We also see platforms as either “infrastructure” or “business.” Sometimes a given vendor provides both — Salesforce with Force.com as an infrastructure platform (a platform as a service, in the classic definition), Agentforce for CRM, etc. Note that both require serious investment to get going (and this is not a criticism of Salesforce; it’s just a general observation that you’re not going to have a functioning CRM capability without investing substantial setup effort).

The boundary here is simple: Infrastructure is business-agnostic (in general, it could work in various industry verticals) while a business platform embeds business-meaningful semantics in the form of APIs, data, or services. Customer relationship management, supply chain, pricing, payment sales funnels — these are all business-specific concepts, and if that’s what’s on offer, you have a business platform. (Some nuance in the above diagram: Business platforms may support constructed apps or be directly configured for consumer access, but in either case, it’s effort, and for me, it’s “application” by definition if the end consumer is interacting directly.)

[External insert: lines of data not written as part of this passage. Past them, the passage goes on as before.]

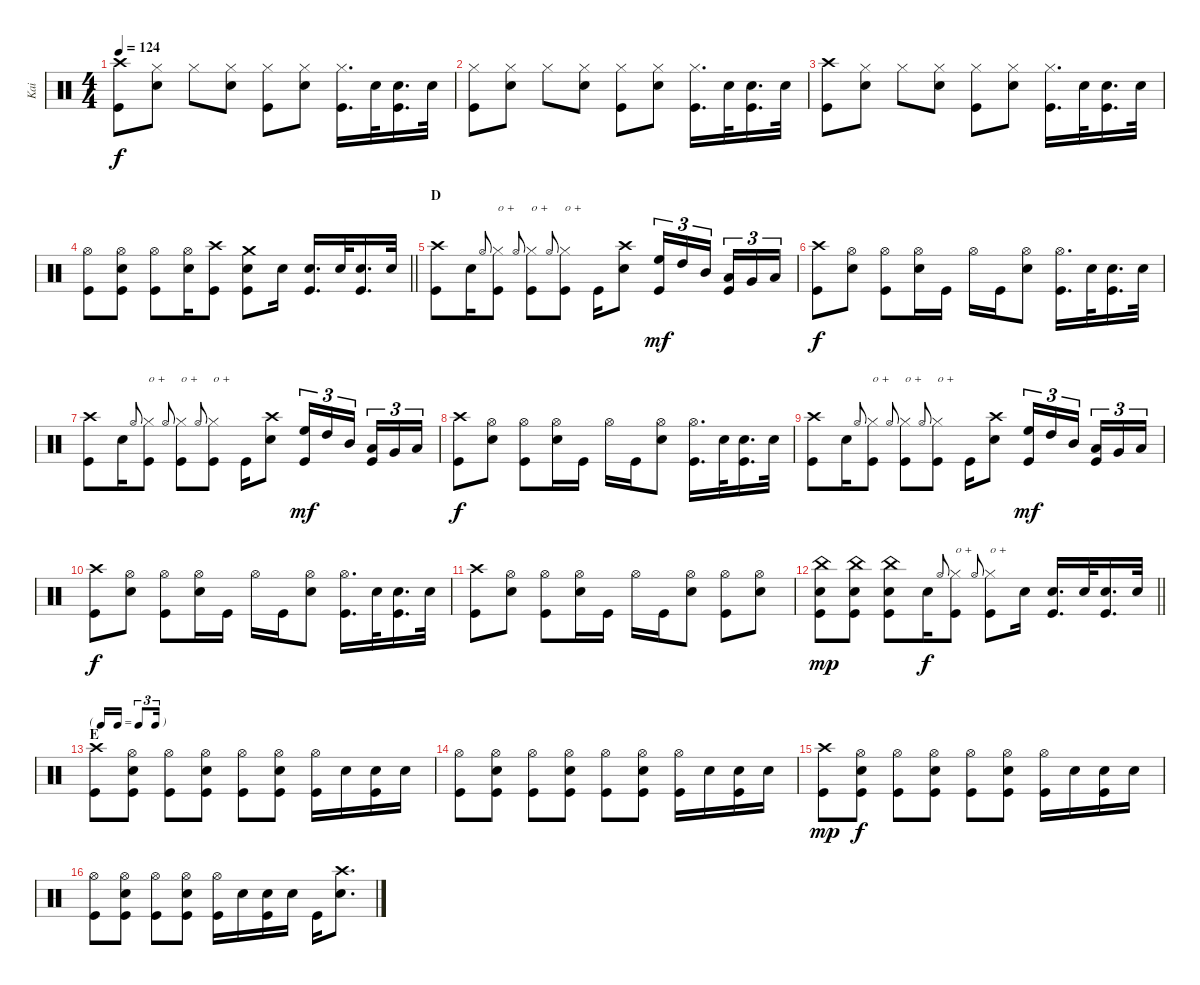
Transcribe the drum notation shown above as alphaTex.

\track ("Kai" "Kai") {instrument percussion}
\staff {score}
\articulation defaults
\ts (4 4)
\tempo 124
\clef neutral
\ks c
("Kick (hit)" "Crash high (hit)").8{dy f} ("Hi-Hat (closed)" "Snare (hit) 2").8 "Hi-Hat (closed)".8 ("Hi-Hat (closed)" "Snare (hit) 2").8 ("Kick (hit)" "Hi-Hat (closed)").8 ("Snare (hit) 2" "Hi-Hat (closed)").8 ("Kick (hit)" "Hi-Hat (closed)").16{d} "Snare (hit) 2".32 ("Snare (hit) 2" "Kick (hit)").16{d} "Snare (hit) 2".32 |
("Hi-Hat (closed)" "Kick (hit)").8 ("Hi-Hat (closed)" "Snare (hit) 2").8 "Hi-Hat (closed)".8 ("Hi-Hat (closed)" "Snare (hit) 2").8 ("Kick (hit)" "Hi-Hat (closed)").8 ("Snare (hit) 2" "Hi-Hat (closed)").8 ("Kick (hit)" "Hi-Hat (closed)").16{d} "Snare (hit) 2".32 ("Snare (hit) 2" "Kick (hit)").16{d} "Snare (hit) 2".32 |
("Kick (hit)" "Crash high (hit)").8 ("Hi-Hat (closed)" "Snare (hit) 2").8 "Hi-Hat (closed)".8 ("Hi-Hat (closed)" "Snare (hit) 2").8 ("Kick (hit)" "Hi-Hat (closed)").8 ("Snare (hit) 2" "Hi-Hat (closed)").8 ("Kick (hit)" "Hi-Hat (closed)").16{d} "Snare (hit) 2".32 ("Snare (hit) 2" "Kick (hit)").16{d} "Snare (hit) 2".32 |
\barLineRight lightlight
("Hi-Hat (open)" "Kick (hit)").8 ("Hi-Hat (open)" "Snare (hit) 2" "Kick (hit)").8 ("Hi-Hat (open)" "Kick (hit)").8 ("Hi-Hat (open)" "Snare (hit) 2").16 ("Kick (hit)" "Crash high (hit)").8 ("Crash medium (hit)" "Snare (hit) 2" "Kick (hit)").8 "Snare (hit) 2".16 ("Snare (hit) 2" "Kick (hit)").16{d} "Snare (hit) 2".32 ("Snare (hit) 2" "Kick (hit)").16{d} "Snare (hit) 2".32 |
\section ("" "D")
("Kick (hit)" "Crash high (hit)").8 "Snare (hit) 2".16 "Hi-Hat (open)".8{gr onbeat} ("Hi-Hat (closed)" "Kick (hit)").8{txt "o +"} "Hi-Hat (open)".8{gr onbeat} ("Hi-Hat (closed)" "Kick (hit)").8{txt "o +"} "Hi-Hat (open)".8{gr onbeat} ("Hi-Hat (closed)" "Kick (hit)").8{txt "o +"} "Kick (hit)".16 ("Snare (hit) 2" "Crash high (hit)").8 ("High Floor Tom (hit)" "Kick (hit)").16{tu (3 2) dy mf} "High Tom (hit)".16{tu (3 2)} "Mid Tom (hit)".16{tu (3 2) beam splitsecondary} ("Low Tom (hit)" "Kick (hit)").16{tu (3 2)} "Very Low Tom (hit)".16{tu (3 2)} "Low Floor Tom (hit)".16{tu (3 2)} |
("Kick (hit)" "Crash high (hit)").8{dy f} ("Snare (hit) 2" "Hi-Hat (open)").8 ("Kick (hit)" "Hi-Hat (open)").8 ("Snare (hit) 2" "Hi-Hat (open)").16 "Kick (hit)".16 "Hi-Hat (open)".16 "Kick (hit)".16 ("Snare (hit) 2" "Hi-Hat (open)").8 ("Kick (hit)" "Hi-Hat (open)").16{d} "Snare (hit) 2".32 ("Snare (hit) 2" "Kick (hit)").16{d} "Snare (hit) 2".32 |
("Kick (hit)" "Crash high (hit)").8 "Snare (hit) 2".16 "Hi-Hat (open)".8{gr onbeat} ("Hi-Hat (closed)" "Kick (hit)").8{txt "o +"} "Hi-Hat (open)".8{gr onbeat} ("Hi-Hat (closed)" "Kick (hit)").8{txt "o +"} "Hi-Hat (open)".8{gr onbeat} ("Hi-Hat (closed)" "Kick (hit)").8{txt "o +"} "Kick (hit)".16 ("Snare (hit) 2" "Crash high (hit)").8 ("High Floor Tom (hit)" "Kick (hit)").16{tu (3 2) dy mf} "High Tom (hit)".16{tu (3 2)} "Mid Tom (hit)".16{tu (3 2) beam splitsecondary} ("Low Tom (hit)" "Kick (hit)").16{tu (3 2)} "Very Low Tom (hit)".16{tu (3 2)} "Low Floor Tom (hit)".16{tu (3 2)} |
("Kick (hit)" "Crash high (hit)").8{dy f} ("Snare (hit) 2" "Hi-Hat (open)").8 ("Kick (hit)" "Hi-Hat (open)").8 ("Snare (hit) 2" "Hi-Hat (open)").16 "Kick (hit)".16 "Hi-Hat (open)".16 "Kick (hit)".16 ("Snare (hit) 2" "Hi-Hat (open)").8 ("Kick (hit)" "Hi-Hat (open)").16{d} "Snare (hit) 2".32 ("Snare (hit) 2" "Kick (hit)").16{d} "Snare (hit) 2".32 |
("Kick (hit)" "Crash high (hit)").8 "Snare (hit) 2".16 "Hi-Hat (open)".8{gr onbeat} ("Hi-Hat (closed)" "Kick (hit)").8{txt "o +"} "Hi-Hat (open)".8{gr onbeat} ("Hi-Hat (closed)" "Kick (hit)").8{txt "o +"} "Hi-Hat (open)".8{gr onbeat} ("Hi-Hat (closed)" "Kick (hit)").8{txt "o +"} "Kick (hit)".16 ("Snare (hit) 2" "Crash high (hit)").8 ("High Floor Tom (hit)" "Kick (hit)").16{tu (3 2) dy mf} "High Tom (hit)".16{tu (3 2)} "Mid Tom (hit)".16{tu (3 2) beam splitsecondary} ("Low Tom (hit)" "Kick (hit)").16{tu (3 2)} "Very Low Tom (hit)".16{tu (3 2)} "Low Floor Tom (hit)".16{tu (3 2)} |
("Kick (hit)" "Crash high (hit)").8{dy f} ("Snare (hit) 2" "Hi-Hat (open)").8 ("Kick (hit)" "Hi-Hat (open)").8 ("Snare (hit) 2" "Hi-Hat (open)").16 "Kick (hit)".16 "Hi-Hat (open)".16 "Kick (hit)".16 ("Snare (hit) 2" "Hi-Hat (open)").8 ("Kick (hit)" "Hi-Hat (open)").16{d} "Snare (hit) 2".32 ("Snare (hit) 2" "Kick (hit)").16{d} "Snare (hit) 2".32 |
("Kick (hit)" "Crash high (hit)").8 ("Snare (hit) 2" "Hi-Hat (open)").8 ("Kick (hit)" "Hi-Hat (open)").8 ("Snare (hit) 2" "Hi-Hat (open)").16 "Kick (hit)".16 "Hi-Hat (open)".16 "Kick (hit)".16 ("Snare (hit) 2" "Hi-Hat (open)").8 ("Kick (hit)" "Hi-Hat (open)").8 ("Snare (hit) 2" "Hi-Hat (open)").8 |
\barLineRight lightlight
("China (hit)" "Snare (hit) 2" "Kick (hit)").8{dy mp} ("China (hit)" "Snare (hit) 2" "Kick (hit)").8 ("China (hit)" "Snare (hit) 2" "Kick (hit)").8 "Snare (hit) 2".16{dy f} "Hi-Hat (open)".8{gr onbeat} ("Hi-Hat (closed)" "Kick (hit)").8{txt "o +"} "Hi-Hat (open)".8{gr onbeat} ("Hi-Hat (closed)" "Kick (hit)").8{txt "o +"} "Snare (hit) 2".16 ("Snare (hit) 2" "Kick (hit)").16{d} "Snare (hit) 2".32 ("Snare (hit) 2" "Kick (hit)").16{d} "Snare (hit) 2".32 |
\tf triplet16th
\section ("" "E")
("Kick (hit)" "Crash high (hit)").8 ("Hi-Hat (open)" "Snare (hit) 2" "Kick (hit)").8 ("Hi-Hat (open)" "Kick (hit)").8 ("Hi-Hat (open)" "Snare (hit) 2" "Kick (hit)").8 ("Kick (hit)" "Hi-Hat (open)").8 ("Snare (hit) 2" "Hi-Hat (open)" "Kick (hit)").8 ("Kick (hit)" "Hi-Hat (open)").16 "Snare (hit) 2".16 ("Snare (hit) 2" "Kick (hit)").16 "Snare (hit) 2".16 |
("Hi-Hat (open)" "Kick (hit)").8 ("Hi-Hat (open)" "Snare (hit) 2" "Kick (hit)").8 ("Hi-Hat (open)" "Kick (hit)").8 ("Hi-Hat (open)" "Snare (hit) 2" "Kick (hit)").8 ("Kick (hit)" "Hi-Hat (open)").8 ("Snare (hit) 2" "Hi-Hat (open)" "Kick (hit)").8 ("Kick (hit)" "Hi-Hat (open)").16 "Snare (hit) 2".16 ("Snare (hit) 2" "Kick (hit)").16 "Snare (hit) 2".16 |
("Crash high (hit)" "Kick (hit)").8{dy mp} ("Hi-Hat (open)" "Snare (hit) 2" "Kick (hit)").8{dy f} ("Hi-Hat (open)" "Kick (hit)").8 ("Hi-Hat (open)" "Snare (hit) 2" "Kick (hit)").8 ("Kick (hit)" "Hi-Hat (open)").8 ("Snare (hit) 2" "Hi-Hat (open)" "Kick (hit)").8 ("Kick (hit)" "Hi-Hat (open)").16 "Snare (hit) 2".16 ("Snare (hit) 2" "Kick (hit)").16 "Snare (hit) 2".16 |
("Hi-Hat (open)" "Kick (hit)").8 ("Hi-Hat (open)" "Snare (hit) 2" "Kick (hit)").8 ("Hi-Hat (open)" "Kick (hit)").8 ("Hi-Hat (open)" "Snare (hit) 2" "Kick (hit)").8 ("Kick (hit)" "Hi-Hat (open)").16 "Snare (hit) 2".16 ("Snare (hit) 2" "Kick (hit)").16 "Snare (hit) 2".16 "Kick (hit)".16 ("Snare (hit) 2" "Crash high (hit)").8{d}
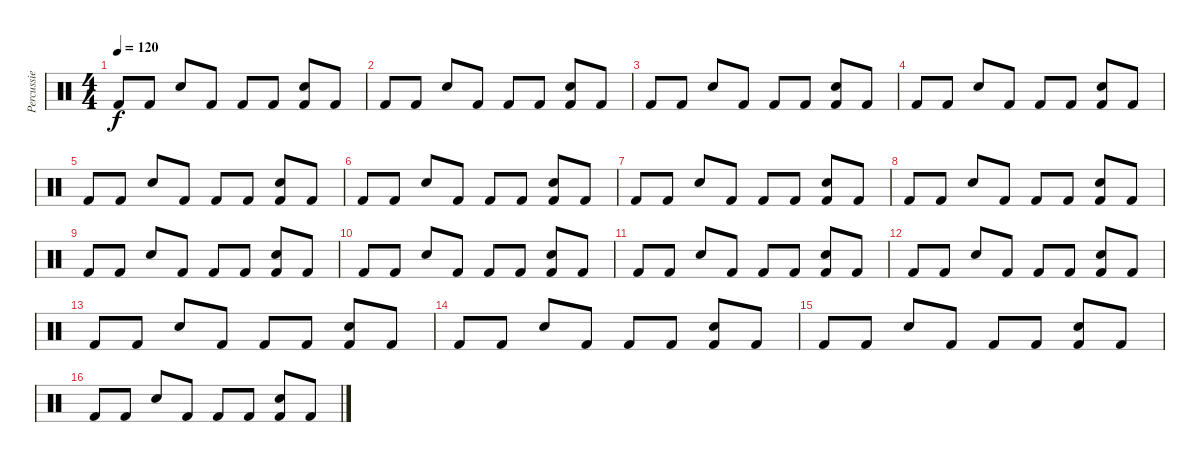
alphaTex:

\track ("Percussie" "Percussie") {instrument percussion}
\staff {score}
\articulation defaults
\ts (4 4)
\tempo 120
\clef neutral
\ks c "Kick (hit) 2".8{dy f} "Kick (hit) 2".8 "Snare (hit) 2".8 "Kick (hit) 2".8 "Kick (hit) 2".8 "Kick (hit) 2".8
("Snare (hit) 2" "Kick (hit) 2").8 "Kick (hit) 2".8 |
"Kick (hit) 2".8 "Kick (hit) 2".8 "Snare (hit) 2".8 "Kick (hit) 2".8 "Kick (hit) 2".8 "Kick (hit) 2".8 ("Snare (hit) 2" "Kick (hit) 2").8 "Kick (hit) 2".8 |
"Kick (hit) 2".8 "Kick (hit) 2".8 "Snare (hit) 2".8 "Kick (hit) 2".8 "Kick (hit) 2".8 "Kick (hit) 2".8 ("Snare (hit) 2" "Kick (hit) 2").8 "Kick (hit) 2".8 |
"Kick (hit) 2".8 "Kick (hit) 2".8 "Snare (hit) 2".8 "Kick (hit) 2".8 "Kick (hit) 2".8 "Kick (hit) 2".8 ("Snare (hit) 2" "Kick (hit) 2").8 "Kick (hit) 2".8 |
"Kick (hit) 2".8 "Kick (hit) 2".8 "Snare (hit) 2".8 "Kick (hit) 2".8 "Kick (hit) 2".8 "Kick (hit) 2".8 ("Snare (hit) 2" "Kick (hit) 2").8 "Kick (hit) 2".8 |
"Kick (hit) 2".8 "Kick (hit) 2".8 "Snare (hit) 2".8 "Kick (hit) 2".8 "Kick (hit) 2".8 "Kick (hit) 2".8 ("Snare (hit) 2" "Kick (hit) 2").8 "Kick (hit) 2".8 |
"Kick (hit) 2".8 "Kick (hit) 2".8 "Snare (hit) 2".8 "Kick (hit) 2".8 "Kick (hit) 2".8 "Kick (hit) 2".8 ("Snare (hit) 2" "Kick (hit) 2").8 "Kick (hit) 2".8 |
"Kick (hit) 2".8 "Kick (hit) 2".8 "Snare (hit) 2".8 "Kick (hit) 2".8 "Kick (hit) 2".8 "Kick (hit) 2".8 ("Snare (hit) 2" "Kick (hit) 2").8 "Kick (hit) 2".8 |
"Kick (hit) 2".8 "Kick (hit) 2".8 "Snare (hit) 2".8 "Kick (hit) 2".8 "Kick (hit) 2".8 "Kick (hit) 2".8 ("Snare (hit) 2" "Kick (hit) 2").8 "Kick (hit) 2".8 |
"Kick (hit) 2".8 "Kick (hit) 2".8 "Snare (hit) 2".8 "Kick (hit) 2".8 "Kick (hit) 2".8 "Kick (hit) 2".8 ("Snare (hit) 2" "Kick (hit) 2").8 "Kick (hit) 2".8 |
"Kick (hit) 2".8 "Kick (hit) 2".8 "Snare (hit) 2".8 "Kick (hit) 2".8 "Kick (hit) 2".8 "Kick (hit) 2".8 ("Snare (hit) 2" "Kick (hit) 2").8 "Kick (hit) 2".8 |
"Kick (hit) 2".8 "Kick (hit) 2".8 "Snare (hit) 2".8 "Kick (hit) 2".8 "Kick (hit) 2".8 "Kick (hit) 2".8 ("Snare (hit) 2" "Kick (hit) 2").8 "Kick (hit) 2".8 |
"Kick (hit) 2".8 "Kick (hit) 2".8 "Snare (hit) 2".8 "Kick (hit) 2".8 "Kick (hit) 2".8 "Kick (hit) 2".8 ("Snare (hit) 2" "Kick (hit) 2").8 "Kick (hit) 2".8 |
"Kick (hit) 2".8 "Kick (hit) 2".8 "Snare (hit) 2".8 "Kick (hit) 2".8 "Kick (hit) 2".8 "Kick (hit) 2".8 ("Snare (hit) 2" "Kick (hit) 2").8 "Kick (hit) 2".8 |
"Kick (hit) 2".8 "Kick (hit) 2".8 "Snare (hit) 2".8 "Kick (hit) 2".8 "Kick (hit) 2".8 "Kick (hit) 2".8 ("Snare (hit) 2" "Kick (hit) 2").8 "Kick (hit) 2".8 |
"Kick (hit) 2".8 "Kick (hit) 2".8 "Snare (hit) 2".8 "Kick (hit) 2".8 "Kick (hit) 2".8 "Kick (hit) 2".8 ("Snare (hit) 2" "Kick (hit) 2").8 "Kick (hit) 2".8
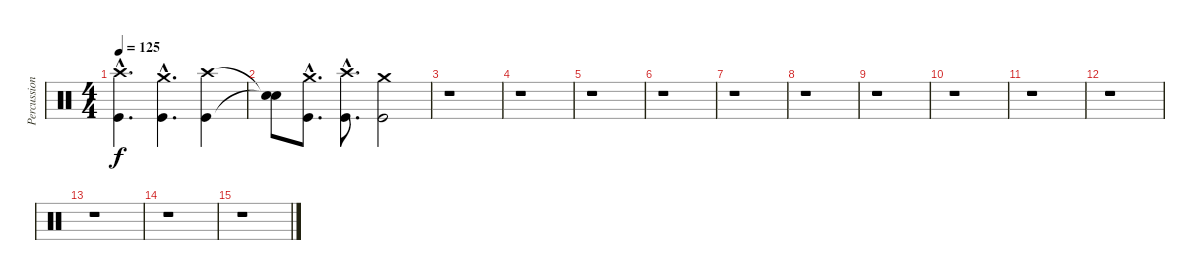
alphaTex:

\track ("Percussion" "Percussion") {instrument percussion}
\staff {score}
\articulation defaults
\ts (4 4)
\tempo 125
\clef neutral
\ks c
("Crash high (hit)"{hac} "Kick (hit)"{hac}).4{d dy f} ("Crash medium (hit)"{hac} "Kick (hit)"{hac}).4{d} ("Crash high (hit)" "Kick (hit)").4 |
("Snare (hit)"{t} "Snare (hit)"{t}).8 ("Crash medium (hit)"{hac} "Kick (hit)"{hac}).8{d} ("Crash high (hit)"{hac} "Kick (hit)"{hac}).8{d} ("Crash medium (hit)" "Kick (hit)").2 |
r.1 |
r.1 |
r.1 |
r.1 |
r.1 |
r.1 |
r.1 |
r.1 |
r.1 |
r.1 |
r.1 |
r.1 |
r.1

Finally, I can already feel the eyebrows raising at the inclusion of “application.” I’ll be talking more about this as we update Forrester’s Four-Lifecycle Model, but for now, I’ll just say:

  • If platforms are “products,” then we need a specific label for products that are not platforms (data geeks will recognize the subtyping problem). And with due respect to Team Topologies, I have not seen the term “stream-aligned” get traction in portfolio management.
  • Conversely, the term “application” is here to stay and has a reasonably consistent industry meaning, at least in the discussions I have with IT leaders — more on this later.

Finally, this model is part of the Forrester Platform Engineering Capability Model, just released last week. I’ll be doing another blog on the core of that work. Also, be sure to check out Embrace Platform Org Structures To Break Down Silos And Deliver Scale, also just out this month, which I coauthored with Manuel Geitz!

*Wikiquote notes: “Often quoted as ‘I wouldn’t give a fig for the simplicity on this side of complexity; I would give my right arm for the simplicity on the far side of complexity’ and attributed to Oliver Wendell Holmes, Sr.”